──────── EXERCISE MATERIALS

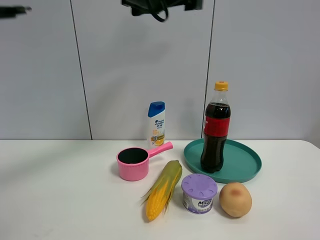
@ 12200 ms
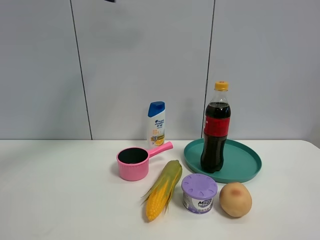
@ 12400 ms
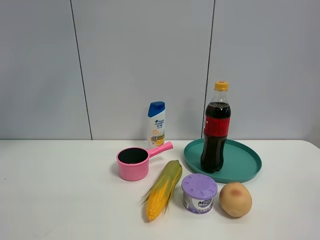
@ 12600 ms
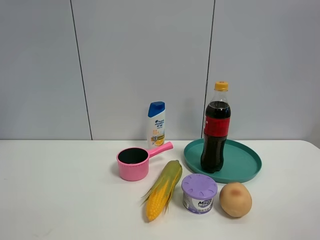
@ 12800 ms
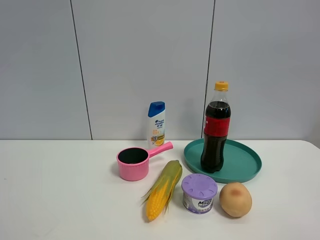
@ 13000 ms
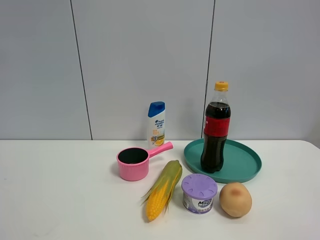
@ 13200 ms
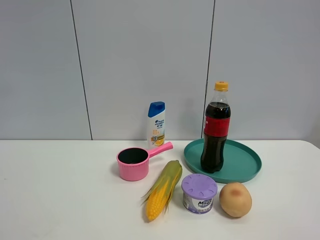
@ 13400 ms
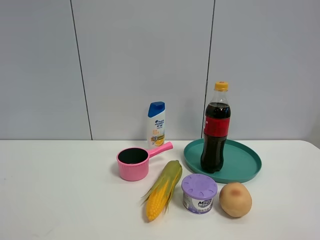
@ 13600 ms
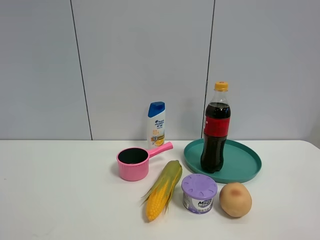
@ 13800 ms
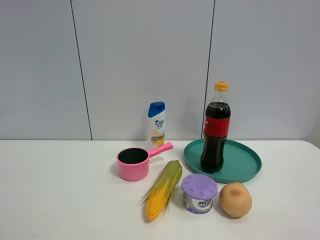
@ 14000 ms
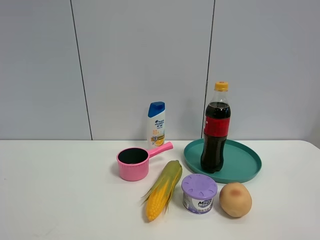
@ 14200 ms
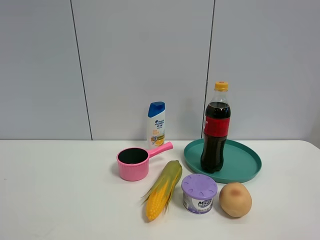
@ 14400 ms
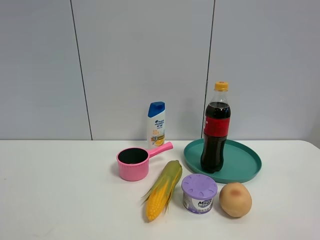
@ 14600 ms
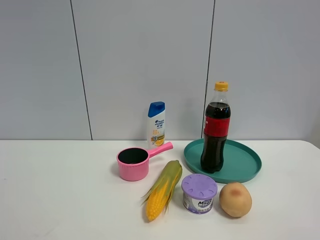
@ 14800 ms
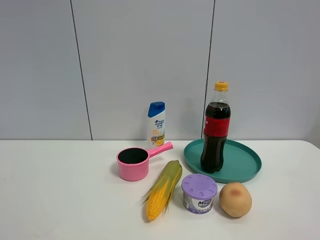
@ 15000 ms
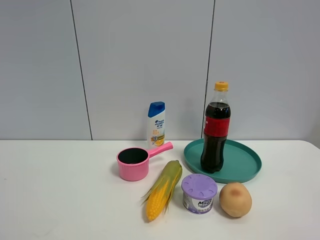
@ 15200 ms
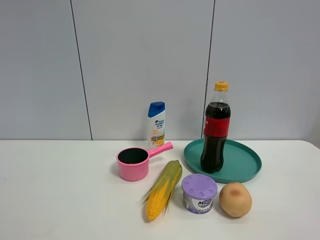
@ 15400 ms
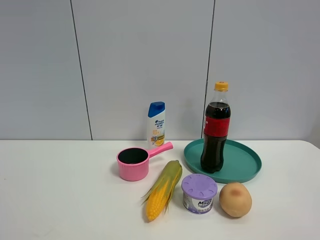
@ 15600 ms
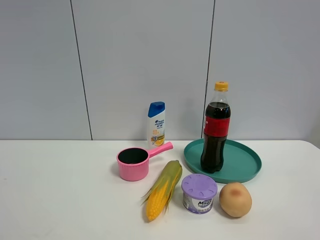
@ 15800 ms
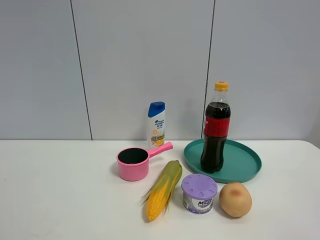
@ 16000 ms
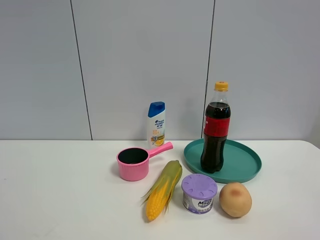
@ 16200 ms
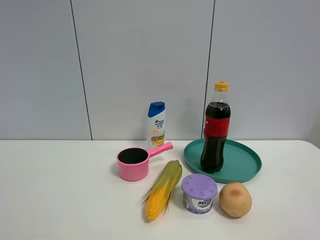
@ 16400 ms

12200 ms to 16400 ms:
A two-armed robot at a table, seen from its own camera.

────────────────

### WORK TO COMPLETE
The response consists of the data above printed line for line, with no pictures.

### TASK RESULT
@ 12200 ms
@ 12400 ms
@ 12600 ms
@ 12800 ms
@ 13000 ms
@ 13200 ms
@ 13400 ms
@ 13600 ms
@ 13800 ms
@ 14000 ms
@ 14200 ms
@ 14400 ms
@ 14600 ms
@ 14800 ms
@ 15000 ms
@ 15200 ms
@ 15400 ms
@ 15600 ms
@ 15800 ms
@ 16000 ms
@ 16200 ms
@ 16400 ms

12200 ms to 16400 ms:
A two-armed robot at a table, seen from its own camera.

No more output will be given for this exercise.